His mouth open to protest, Silas shut it again. Because Tess was right—maybe the thought of having Jewel in his house every day gave him the heebie-jeebies, but she could probably find a temporary nanny position in a heartbeat, if not here, in Santa Fe or Taos. And he was desperate.

Not so desperate, however, that he couldn’t wait to call until he got home, since for damn sure he didn’t need an audience to add to his humiliation.

So, an hour later, the boys bellowing and sloshing blissfully in the tub, Silas ducked back into their room to make the call, so focused on them through the door he almost forgot who he was calling until she said, “Silas?” in a voice far raspier than he remembered, or expected, or wanted, or needed, and for a moment he was torn between praying she’d say yes and fervently hoping somebody else would snatch her up.

Thereby saving him from a fate worse than death.

Chapter Three

It took Jewel so long to process Silas’s number on the display that her voice mail nearly clicked in before she answered. “Uh … hello—?”

“Noah says you’re looking for work?”

Three thoughts zipped through simultaneously. One, that warp-speed Internet connection had nothing on Tierra Rosa’s gossip mill, especially when major chunks of the mill were related to each other; two, that he sounded about as thrilled about making this call as he would have making an appointment for one of those exams; and three, Wow. Deep voice.

“Um … yeah? You know of something?”

He sighed. The kind of sigh that precedes bad news. “Turns out there are no day-care openings, anywhere. At least not for several weeks. Meaning I need a part-time nanny. And the boys like you. So. You want the job?”

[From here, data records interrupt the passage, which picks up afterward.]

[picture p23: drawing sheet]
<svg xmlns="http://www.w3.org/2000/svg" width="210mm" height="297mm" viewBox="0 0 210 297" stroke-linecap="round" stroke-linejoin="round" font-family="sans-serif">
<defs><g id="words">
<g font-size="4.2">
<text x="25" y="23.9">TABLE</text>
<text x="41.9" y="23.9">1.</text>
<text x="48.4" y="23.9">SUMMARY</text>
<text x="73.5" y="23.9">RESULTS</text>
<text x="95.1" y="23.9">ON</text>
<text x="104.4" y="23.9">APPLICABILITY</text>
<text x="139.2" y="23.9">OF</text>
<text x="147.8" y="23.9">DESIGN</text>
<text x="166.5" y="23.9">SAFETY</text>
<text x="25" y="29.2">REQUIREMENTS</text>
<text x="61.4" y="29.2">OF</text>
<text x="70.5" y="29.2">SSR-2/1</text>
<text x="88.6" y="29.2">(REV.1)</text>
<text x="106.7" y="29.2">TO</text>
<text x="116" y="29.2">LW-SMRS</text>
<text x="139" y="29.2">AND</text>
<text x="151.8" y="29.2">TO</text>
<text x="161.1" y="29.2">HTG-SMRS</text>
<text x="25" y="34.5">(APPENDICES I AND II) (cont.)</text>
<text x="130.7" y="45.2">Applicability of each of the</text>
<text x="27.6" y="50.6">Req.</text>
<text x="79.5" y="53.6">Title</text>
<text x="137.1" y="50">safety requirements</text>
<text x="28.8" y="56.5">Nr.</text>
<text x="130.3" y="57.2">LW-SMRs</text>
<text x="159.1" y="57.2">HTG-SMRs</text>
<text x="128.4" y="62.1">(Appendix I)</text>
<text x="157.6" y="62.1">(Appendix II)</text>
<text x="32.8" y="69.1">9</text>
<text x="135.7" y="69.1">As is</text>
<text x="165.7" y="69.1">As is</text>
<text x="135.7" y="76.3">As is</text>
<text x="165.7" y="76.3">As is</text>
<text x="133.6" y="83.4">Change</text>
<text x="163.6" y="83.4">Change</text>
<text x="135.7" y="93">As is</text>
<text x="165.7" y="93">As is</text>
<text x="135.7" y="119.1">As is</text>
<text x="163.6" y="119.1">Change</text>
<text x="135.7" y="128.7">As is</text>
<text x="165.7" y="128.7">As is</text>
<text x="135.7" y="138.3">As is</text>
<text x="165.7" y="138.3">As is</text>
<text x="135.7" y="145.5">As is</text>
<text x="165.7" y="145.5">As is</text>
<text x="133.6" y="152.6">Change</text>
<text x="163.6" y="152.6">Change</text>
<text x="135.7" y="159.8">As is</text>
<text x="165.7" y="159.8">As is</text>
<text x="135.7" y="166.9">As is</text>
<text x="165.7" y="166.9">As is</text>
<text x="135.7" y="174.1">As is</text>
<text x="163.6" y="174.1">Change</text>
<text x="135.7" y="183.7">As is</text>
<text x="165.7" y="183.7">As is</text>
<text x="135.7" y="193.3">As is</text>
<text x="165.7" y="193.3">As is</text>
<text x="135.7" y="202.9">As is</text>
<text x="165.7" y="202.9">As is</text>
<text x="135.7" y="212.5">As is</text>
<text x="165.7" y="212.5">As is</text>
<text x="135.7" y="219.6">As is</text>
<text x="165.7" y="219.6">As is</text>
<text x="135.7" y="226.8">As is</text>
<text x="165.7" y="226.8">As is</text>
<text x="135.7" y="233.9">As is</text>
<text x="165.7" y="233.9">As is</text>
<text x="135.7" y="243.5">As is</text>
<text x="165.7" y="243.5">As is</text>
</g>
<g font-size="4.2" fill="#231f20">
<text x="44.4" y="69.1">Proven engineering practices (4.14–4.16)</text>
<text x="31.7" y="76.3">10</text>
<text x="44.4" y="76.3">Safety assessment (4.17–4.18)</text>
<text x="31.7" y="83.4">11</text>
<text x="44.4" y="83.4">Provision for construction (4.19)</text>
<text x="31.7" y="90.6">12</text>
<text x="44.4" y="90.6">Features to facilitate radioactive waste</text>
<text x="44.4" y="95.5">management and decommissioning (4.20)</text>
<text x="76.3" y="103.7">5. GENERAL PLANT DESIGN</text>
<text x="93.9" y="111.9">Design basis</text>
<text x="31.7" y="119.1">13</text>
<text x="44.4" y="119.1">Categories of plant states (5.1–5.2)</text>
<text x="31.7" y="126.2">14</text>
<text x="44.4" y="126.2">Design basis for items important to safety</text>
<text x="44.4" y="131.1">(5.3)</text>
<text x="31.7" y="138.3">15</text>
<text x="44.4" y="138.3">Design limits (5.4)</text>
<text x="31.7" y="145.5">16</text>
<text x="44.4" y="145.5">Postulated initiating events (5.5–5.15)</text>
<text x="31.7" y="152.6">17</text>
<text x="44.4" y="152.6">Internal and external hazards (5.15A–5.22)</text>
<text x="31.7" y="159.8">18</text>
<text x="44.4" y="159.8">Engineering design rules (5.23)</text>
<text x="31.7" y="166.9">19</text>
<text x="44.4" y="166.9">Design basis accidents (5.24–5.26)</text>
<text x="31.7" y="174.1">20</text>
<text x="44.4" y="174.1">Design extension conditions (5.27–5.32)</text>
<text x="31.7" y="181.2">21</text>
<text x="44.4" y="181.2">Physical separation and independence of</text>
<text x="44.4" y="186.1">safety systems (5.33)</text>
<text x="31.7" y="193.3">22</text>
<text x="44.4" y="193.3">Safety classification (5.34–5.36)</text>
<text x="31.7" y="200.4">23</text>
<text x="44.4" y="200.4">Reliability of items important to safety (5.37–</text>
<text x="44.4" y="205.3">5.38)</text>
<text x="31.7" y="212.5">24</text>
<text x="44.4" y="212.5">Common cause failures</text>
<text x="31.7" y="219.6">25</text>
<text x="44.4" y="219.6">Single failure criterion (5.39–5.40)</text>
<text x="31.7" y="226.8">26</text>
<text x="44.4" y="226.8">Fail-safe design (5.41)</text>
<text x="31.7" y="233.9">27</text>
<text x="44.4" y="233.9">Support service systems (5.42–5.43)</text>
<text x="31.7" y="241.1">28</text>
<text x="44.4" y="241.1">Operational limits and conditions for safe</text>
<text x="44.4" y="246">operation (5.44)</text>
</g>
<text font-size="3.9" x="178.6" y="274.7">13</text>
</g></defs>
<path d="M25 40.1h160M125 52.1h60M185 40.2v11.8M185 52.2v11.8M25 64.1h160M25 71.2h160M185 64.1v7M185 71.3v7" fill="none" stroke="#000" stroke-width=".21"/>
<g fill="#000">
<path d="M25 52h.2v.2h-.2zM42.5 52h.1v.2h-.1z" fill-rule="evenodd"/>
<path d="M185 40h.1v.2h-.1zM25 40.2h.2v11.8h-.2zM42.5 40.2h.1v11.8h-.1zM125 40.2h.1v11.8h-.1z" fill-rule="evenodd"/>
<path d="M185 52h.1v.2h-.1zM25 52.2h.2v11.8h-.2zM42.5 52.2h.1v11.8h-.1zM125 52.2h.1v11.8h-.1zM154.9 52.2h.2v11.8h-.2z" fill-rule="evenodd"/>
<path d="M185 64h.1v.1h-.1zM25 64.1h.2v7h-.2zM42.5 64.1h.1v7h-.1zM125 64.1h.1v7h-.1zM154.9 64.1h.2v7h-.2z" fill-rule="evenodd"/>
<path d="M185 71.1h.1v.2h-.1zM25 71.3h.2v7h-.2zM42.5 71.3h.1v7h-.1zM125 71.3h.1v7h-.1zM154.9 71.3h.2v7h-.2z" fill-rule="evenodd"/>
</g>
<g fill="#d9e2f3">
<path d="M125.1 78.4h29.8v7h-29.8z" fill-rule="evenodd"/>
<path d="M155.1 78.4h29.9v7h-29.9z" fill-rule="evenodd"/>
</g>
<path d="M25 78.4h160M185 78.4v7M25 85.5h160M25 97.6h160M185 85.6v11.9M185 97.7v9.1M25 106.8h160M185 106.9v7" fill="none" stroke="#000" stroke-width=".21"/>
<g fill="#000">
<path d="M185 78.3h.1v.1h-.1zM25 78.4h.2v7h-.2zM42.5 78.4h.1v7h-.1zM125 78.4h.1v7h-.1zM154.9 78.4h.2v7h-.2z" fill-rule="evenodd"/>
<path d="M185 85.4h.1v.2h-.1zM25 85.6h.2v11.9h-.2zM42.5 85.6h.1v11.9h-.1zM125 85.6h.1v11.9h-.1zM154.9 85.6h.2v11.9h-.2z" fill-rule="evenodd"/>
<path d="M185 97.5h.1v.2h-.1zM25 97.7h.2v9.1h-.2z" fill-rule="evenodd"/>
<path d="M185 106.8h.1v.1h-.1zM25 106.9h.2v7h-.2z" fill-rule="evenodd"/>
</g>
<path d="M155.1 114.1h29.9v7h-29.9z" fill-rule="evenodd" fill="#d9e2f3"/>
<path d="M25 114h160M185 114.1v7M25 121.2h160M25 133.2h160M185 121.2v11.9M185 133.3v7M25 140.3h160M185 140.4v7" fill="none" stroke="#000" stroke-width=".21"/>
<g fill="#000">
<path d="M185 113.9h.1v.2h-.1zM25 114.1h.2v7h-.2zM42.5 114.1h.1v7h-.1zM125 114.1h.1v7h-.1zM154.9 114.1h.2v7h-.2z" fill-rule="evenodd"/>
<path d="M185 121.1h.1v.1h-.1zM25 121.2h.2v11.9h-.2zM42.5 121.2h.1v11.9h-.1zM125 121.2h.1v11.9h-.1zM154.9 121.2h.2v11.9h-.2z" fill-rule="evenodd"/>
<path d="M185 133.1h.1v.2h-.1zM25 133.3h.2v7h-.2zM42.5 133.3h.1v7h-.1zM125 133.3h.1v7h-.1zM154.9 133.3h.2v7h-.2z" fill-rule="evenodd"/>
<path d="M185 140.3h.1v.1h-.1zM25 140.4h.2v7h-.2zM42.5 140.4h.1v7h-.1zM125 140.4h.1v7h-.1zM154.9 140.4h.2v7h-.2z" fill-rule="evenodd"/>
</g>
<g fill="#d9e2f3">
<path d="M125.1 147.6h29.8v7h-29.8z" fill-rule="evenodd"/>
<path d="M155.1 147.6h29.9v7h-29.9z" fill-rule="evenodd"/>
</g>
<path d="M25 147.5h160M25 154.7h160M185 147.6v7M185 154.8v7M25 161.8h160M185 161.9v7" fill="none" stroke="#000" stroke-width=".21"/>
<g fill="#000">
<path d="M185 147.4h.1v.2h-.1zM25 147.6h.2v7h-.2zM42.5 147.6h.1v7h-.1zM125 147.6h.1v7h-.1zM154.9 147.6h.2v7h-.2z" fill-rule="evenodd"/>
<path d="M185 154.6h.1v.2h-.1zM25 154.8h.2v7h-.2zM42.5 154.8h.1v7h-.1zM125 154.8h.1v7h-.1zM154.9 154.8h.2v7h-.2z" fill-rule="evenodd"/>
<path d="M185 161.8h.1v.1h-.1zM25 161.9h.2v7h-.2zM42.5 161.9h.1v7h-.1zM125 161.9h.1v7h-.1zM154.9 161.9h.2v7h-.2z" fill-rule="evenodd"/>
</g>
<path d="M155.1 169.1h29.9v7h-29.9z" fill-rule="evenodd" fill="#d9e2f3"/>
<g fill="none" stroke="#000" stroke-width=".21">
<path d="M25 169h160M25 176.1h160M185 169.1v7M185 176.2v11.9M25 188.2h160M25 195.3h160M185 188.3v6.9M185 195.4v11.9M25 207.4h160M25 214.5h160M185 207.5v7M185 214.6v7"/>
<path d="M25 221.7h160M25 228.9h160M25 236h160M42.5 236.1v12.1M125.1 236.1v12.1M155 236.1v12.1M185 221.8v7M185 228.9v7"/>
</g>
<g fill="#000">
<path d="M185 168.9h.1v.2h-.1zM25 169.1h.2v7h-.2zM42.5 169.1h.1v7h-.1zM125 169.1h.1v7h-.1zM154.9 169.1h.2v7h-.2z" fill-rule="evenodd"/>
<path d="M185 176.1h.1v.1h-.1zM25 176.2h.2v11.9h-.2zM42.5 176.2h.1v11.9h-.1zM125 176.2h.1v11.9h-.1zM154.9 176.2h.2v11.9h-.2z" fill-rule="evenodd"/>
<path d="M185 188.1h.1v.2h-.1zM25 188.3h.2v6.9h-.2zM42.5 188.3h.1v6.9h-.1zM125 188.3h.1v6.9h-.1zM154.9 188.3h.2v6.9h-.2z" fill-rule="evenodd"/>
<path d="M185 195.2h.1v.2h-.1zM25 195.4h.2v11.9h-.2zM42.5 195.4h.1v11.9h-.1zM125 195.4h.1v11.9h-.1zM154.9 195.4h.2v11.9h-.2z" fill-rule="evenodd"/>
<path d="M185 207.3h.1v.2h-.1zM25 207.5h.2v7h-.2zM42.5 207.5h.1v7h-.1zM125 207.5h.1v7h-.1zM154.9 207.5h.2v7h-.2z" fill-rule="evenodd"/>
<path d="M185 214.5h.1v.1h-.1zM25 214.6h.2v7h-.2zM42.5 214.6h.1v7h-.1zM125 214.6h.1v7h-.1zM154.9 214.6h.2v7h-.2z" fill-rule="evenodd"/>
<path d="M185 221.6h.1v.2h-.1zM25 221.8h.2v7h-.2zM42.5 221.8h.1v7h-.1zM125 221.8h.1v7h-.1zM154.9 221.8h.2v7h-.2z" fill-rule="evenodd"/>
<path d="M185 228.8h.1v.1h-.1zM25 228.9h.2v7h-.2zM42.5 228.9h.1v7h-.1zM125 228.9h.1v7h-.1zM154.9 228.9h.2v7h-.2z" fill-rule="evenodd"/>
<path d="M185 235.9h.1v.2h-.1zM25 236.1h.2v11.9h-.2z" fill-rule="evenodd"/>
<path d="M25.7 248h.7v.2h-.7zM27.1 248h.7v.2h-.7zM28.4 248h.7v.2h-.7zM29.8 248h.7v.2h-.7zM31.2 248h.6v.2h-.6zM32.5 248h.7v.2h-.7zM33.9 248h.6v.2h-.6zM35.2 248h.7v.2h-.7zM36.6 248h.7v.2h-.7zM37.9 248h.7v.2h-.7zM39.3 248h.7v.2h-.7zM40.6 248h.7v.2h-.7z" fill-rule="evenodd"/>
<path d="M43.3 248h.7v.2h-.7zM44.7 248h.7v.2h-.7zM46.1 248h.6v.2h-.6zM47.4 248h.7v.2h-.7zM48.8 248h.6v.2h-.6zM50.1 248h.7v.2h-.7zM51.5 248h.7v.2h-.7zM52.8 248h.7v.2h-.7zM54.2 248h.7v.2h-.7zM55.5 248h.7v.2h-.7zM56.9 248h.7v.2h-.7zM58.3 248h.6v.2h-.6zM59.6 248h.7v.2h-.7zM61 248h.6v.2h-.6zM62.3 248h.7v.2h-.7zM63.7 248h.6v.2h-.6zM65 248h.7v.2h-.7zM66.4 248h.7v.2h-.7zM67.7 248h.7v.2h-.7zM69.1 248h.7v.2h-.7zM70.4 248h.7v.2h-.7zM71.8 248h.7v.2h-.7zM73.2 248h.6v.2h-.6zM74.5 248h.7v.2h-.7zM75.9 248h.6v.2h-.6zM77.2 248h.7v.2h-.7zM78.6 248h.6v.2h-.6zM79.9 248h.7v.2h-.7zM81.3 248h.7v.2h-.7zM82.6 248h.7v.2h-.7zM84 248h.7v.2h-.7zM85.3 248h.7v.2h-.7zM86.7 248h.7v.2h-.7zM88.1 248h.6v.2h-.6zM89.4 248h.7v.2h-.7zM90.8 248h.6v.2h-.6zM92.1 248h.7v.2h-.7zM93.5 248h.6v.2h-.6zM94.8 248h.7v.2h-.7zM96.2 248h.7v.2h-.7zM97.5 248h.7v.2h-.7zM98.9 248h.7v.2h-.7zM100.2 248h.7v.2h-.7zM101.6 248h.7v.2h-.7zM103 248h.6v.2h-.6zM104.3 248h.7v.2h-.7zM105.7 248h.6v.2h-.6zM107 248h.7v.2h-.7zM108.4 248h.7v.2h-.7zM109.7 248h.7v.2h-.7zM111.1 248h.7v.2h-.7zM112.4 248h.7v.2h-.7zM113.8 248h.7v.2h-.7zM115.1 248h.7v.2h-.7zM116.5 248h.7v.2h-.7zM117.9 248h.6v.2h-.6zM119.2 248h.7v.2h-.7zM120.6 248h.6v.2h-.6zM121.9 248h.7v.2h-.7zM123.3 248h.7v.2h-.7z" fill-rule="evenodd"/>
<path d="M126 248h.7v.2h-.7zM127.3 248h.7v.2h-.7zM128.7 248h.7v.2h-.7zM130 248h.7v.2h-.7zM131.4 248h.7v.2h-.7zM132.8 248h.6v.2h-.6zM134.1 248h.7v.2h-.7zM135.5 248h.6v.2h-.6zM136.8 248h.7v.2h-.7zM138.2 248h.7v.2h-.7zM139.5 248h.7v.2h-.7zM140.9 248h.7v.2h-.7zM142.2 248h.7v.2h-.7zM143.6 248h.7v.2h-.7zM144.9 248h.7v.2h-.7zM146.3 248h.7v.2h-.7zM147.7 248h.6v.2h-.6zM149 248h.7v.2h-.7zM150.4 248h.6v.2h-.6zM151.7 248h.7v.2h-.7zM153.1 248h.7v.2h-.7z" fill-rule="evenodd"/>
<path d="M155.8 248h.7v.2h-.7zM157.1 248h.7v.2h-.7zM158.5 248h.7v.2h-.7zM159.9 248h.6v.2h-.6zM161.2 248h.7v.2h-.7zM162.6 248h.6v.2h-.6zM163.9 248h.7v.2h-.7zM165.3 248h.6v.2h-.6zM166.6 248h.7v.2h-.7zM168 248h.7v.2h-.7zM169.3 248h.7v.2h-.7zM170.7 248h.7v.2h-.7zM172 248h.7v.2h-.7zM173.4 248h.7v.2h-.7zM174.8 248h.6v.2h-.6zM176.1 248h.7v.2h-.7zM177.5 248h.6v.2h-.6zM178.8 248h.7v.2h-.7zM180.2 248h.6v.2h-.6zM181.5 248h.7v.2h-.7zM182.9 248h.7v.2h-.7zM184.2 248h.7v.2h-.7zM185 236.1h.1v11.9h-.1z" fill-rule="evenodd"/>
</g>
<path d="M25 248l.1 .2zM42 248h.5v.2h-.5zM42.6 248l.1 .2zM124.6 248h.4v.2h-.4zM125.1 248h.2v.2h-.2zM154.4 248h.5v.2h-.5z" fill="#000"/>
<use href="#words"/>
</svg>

Oh, no. Nononononono. Because that little ping of awareness she’d thought a onetime thing? Yeah, well … apparently not. She tried—oh, how she tried—to send her hormones back into time-out, but since there was only one of her and five quadrillion of them …

“Gee, Silas, I don’t know. Um … what if I get called out on a birth?”

“But how often does that happen? Couple times a month?”

Her mouth twisted. “Maybe. But there’s prenatal appointments, and follow-up visits …”

“Even three days a week would work. Or just in the afternoons. Or mornings, whatever works for you.” Silence. “I’m really, really in a bind.”

“You must be to ask me.”

More silence. “The good news is, we’d rarely be around each other.”